_WHAT YOU ARE ASKED TO DO_
Find the line in the entries below that contains "Are the number". Repeat it exactly, and every line after it through the line that contains "Your answer should be compact. -19.2.".

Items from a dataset

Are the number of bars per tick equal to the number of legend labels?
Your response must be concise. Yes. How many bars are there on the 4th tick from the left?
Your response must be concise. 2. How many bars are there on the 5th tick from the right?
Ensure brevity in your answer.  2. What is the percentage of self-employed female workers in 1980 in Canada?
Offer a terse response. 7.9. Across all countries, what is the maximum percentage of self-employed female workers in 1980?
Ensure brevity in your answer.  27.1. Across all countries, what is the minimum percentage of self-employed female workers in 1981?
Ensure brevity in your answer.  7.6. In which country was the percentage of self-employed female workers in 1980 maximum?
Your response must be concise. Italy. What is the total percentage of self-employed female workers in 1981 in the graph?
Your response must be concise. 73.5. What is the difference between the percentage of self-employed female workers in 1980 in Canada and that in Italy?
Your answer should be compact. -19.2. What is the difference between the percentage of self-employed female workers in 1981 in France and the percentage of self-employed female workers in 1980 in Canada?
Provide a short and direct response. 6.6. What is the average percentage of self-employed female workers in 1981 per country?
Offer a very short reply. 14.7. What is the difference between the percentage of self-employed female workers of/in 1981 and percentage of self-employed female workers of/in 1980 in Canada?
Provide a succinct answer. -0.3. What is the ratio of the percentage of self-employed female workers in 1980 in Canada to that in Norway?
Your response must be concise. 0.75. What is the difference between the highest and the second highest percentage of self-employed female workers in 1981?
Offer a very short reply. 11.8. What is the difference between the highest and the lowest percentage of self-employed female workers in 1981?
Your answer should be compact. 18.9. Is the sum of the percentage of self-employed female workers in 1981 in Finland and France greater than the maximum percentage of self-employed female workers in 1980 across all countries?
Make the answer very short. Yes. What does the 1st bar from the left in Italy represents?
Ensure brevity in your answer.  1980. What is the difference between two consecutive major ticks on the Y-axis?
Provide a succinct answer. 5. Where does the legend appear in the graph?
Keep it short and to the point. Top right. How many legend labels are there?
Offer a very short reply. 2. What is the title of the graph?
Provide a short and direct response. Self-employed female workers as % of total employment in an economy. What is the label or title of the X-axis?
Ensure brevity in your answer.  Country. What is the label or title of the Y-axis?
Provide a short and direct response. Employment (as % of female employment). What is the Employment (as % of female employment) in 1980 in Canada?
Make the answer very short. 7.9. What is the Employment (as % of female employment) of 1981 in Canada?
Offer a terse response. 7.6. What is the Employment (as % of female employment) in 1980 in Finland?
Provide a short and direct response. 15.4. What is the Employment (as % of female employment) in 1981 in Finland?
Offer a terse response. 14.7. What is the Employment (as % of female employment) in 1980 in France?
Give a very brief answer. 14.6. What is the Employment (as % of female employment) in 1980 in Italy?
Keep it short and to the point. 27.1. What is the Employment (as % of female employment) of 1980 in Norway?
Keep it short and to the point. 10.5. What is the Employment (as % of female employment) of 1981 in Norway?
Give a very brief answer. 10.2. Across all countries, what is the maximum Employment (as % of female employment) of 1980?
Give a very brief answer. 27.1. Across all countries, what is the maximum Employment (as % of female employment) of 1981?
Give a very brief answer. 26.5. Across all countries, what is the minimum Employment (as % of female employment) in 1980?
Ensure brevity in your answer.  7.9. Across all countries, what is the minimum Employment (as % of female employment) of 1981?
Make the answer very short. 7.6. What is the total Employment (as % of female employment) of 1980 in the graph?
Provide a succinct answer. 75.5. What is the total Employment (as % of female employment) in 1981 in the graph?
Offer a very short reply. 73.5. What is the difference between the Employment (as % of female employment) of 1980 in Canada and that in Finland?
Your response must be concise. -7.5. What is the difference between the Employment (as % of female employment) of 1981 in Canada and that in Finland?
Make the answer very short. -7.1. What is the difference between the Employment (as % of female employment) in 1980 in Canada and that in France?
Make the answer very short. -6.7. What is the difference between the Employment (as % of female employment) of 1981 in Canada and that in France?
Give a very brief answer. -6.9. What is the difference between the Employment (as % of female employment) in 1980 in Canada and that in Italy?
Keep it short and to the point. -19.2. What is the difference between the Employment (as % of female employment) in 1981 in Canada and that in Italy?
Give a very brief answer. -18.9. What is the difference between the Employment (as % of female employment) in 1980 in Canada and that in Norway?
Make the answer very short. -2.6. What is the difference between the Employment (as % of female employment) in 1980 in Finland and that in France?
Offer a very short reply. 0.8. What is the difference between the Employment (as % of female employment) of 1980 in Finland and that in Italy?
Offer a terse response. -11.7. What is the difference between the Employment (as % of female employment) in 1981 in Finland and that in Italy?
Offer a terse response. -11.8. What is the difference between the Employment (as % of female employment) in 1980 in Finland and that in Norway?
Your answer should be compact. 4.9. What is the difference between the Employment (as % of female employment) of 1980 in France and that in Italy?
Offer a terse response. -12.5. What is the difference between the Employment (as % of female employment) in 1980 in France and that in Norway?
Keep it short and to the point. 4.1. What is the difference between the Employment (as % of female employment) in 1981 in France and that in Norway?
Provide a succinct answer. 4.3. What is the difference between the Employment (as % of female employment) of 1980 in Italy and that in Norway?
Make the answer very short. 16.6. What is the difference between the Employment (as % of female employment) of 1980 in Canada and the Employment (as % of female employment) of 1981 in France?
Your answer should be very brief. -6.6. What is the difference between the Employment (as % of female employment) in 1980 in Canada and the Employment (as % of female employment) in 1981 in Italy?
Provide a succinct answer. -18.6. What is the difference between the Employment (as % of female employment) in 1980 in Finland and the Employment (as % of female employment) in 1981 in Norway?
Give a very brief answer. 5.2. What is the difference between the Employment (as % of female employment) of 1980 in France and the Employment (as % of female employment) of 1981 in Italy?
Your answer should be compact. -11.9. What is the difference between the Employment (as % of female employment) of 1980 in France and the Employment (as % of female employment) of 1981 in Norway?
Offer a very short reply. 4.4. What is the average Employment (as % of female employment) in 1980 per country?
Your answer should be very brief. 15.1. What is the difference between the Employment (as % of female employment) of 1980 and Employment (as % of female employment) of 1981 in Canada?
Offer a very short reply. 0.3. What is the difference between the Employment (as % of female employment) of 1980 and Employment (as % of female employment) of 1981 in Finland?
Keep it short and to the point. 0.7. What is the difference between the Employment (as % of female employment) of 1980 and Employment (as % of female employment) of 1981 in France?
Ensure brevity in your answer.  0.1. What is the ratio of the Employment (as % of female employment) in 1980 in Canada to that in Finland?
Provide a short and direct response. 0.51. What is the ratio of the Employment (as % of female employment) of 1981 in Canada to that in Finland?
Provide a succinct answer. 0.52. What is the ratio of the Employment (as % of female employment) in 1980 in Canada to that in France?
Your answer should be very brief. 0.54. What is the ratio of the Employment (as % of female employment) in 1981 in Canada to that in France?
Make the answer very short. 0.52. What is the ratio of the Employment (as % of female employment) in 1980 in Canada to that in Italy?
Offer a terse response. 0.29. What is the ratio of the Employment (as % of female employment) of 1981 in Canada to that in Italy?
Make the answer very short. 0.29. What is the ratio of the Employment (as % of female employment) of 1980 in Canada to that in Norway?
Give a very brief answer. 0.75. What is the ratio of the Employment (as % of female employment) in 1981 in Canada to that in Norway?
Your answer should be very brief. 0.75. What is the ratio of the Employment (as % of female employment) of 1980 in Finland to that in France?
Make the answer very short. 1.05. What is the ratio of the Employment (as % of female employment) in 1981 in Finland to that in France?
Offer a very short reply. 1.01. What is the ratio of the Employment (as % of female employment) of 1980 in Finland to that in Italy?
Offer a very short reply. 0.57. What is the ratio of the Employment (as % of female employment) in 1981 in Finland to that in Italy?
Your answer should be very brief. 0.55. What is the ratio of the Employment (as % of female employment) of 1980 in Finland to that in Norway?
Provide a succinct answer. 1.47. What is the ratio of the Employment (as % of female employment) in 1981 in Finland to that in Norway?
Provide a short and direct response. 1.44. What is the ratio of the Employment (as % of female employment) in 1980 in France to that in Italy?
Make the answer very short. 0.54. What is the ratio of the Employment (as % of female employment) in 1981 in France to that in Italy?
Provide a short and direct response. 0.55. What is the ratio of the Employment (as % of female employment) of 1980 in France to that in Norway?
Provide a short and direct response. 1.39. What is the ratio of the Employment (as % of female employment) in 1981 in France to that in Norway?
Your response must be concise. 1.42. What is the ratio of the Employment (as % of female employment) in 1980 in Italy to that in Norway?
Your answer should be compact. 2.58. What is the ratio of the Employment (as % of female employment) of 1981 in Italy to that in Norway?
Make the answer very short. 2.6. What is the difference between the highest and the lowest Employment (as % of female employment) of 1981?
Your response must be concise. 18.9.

---

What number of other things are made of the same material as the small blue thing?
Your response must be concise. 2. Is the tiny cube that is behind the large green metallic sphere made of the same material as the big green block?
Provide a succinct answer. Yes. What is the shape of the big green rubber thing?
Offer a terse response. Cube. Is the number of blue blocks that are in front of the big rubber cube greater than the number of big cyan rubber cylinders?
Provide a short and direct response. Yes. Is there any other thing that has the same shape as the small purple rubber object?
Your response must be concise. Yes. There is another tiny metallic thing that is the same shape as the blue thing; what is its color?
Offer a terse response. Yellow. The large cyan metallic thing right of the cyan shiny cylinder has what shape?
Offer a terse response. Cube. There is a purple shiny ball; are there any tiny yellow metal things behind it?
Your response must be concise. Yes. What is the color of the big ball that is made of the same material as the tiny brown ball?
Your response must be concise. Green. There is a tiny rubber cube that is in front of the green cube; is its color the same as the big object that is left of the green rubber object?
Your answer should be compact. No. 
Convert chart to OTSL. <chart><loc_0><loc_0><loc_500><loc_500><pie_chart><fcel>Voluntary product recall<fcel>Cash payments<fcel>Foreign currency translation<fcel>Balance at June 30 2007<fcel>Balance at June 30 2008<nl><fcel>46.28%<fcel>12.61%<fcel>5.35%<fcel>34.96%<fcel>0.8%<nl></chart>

* * *

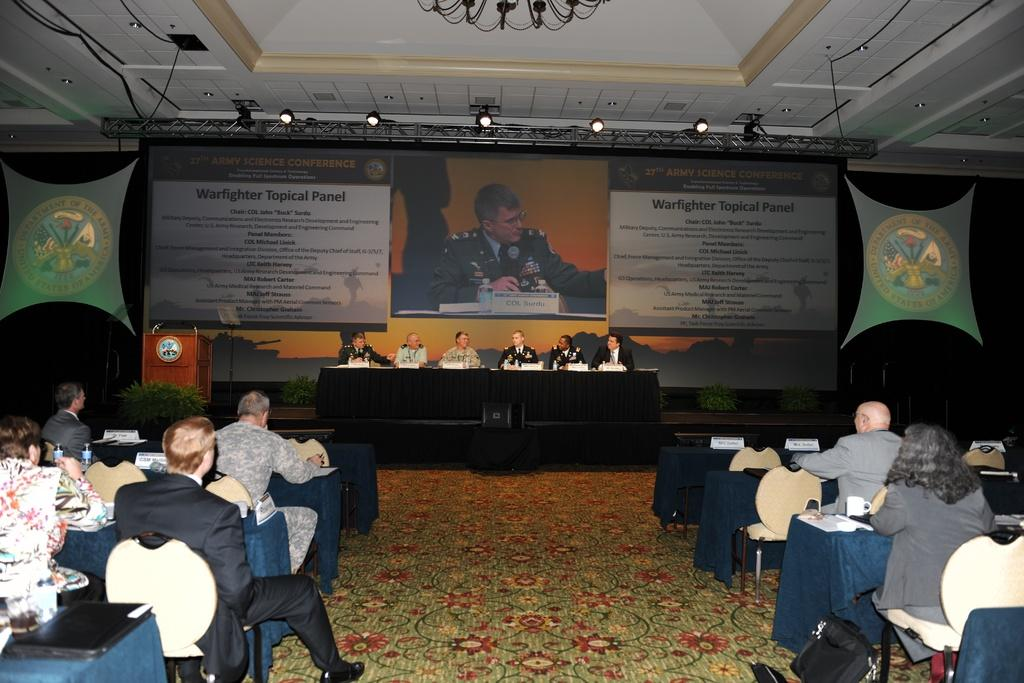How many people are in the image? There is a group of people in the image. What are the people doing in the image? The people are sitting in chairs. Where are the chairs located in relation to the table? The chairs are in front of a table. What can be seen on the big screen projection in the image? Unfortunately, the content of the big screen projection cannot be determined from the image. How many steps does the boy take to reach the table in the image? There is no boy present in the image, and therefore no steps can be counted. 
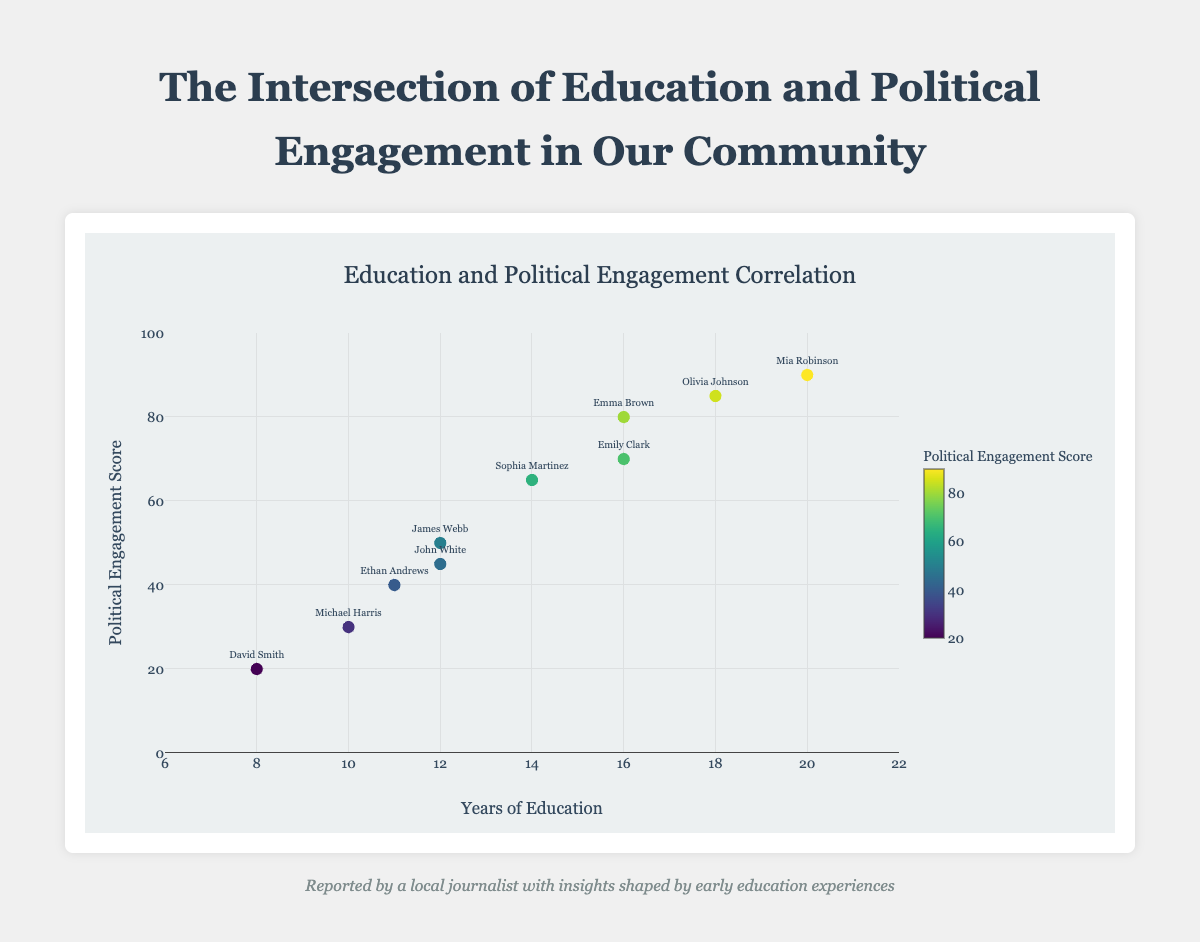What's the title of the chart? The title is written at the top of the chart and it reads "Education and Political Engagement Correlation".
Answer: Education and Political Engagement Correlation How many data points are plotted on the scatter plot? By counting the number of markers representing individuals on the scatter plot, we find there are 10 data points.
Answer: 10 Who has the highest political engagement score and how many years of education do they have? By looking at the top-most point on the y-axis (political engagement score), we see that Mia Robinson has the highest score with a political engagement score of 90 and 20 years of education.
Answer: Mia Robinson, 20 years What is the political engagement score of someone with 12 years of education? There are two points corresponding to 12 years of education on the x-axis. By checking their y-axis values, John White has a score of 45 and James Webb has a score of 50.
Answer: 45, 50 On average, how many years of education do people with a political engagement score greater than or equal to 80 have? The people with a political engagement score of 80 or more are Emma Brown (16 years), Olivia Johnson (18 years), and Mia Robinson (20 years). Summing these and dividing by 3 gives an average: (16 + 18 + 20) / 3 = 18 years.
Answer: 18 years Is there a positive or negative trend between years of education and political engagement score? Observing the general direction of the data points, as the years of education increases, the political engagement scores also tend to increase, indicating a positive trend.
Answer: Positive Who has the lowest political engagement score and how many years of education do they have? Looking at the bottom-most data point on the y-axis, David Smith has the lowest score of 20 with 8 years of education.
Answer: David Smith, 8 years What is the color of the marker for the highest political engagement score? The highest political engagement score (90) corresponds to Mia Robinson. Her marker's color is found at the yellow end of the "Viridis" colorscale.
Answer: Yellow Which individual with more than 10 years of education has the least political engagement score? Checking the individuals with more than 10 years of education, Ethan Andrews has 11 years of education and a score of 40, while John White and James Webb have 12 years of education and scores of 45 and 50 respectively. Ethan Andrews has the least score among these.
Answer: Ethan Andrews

_SOLVED EXERCISE_
Are the number of bars per tick equal to the number of legend labels?
Your response must be concise. Yes. How many bars are there on the 4th tick from the left?
Your response must be concise. 2. How many bars are there on the 5th tick from the right?
Ensure brevity in your answer.  2. What is the percentage of self-employed female workers in 1980 in Canada?
Offer a terse response. 7.9. Across all countries, what is the maximum percentage of self-employed female workers in 1980?
Ensure brevity in your answer.  27.1. Across all countries, what is the minimum percentage of self-employed female workers in 1981?
Ensure brevity in your answer.  7.6. In which country was the percentage of self-employed female workers in 1980 maximum?
Your response must be concise. Italy. What is the total percentage of self-employed female workers in 1981 in the graph?
Your response must be concise. 73.5. What is the difference between the percentage of self-employed female workers in 1980 in Canada and that in Italy?
Your answer should be compact. -19.2. What is the difference between the percentage of self-employed female workers in 1981 in France and the percentage of self-employed female workers in 1980 in Canada?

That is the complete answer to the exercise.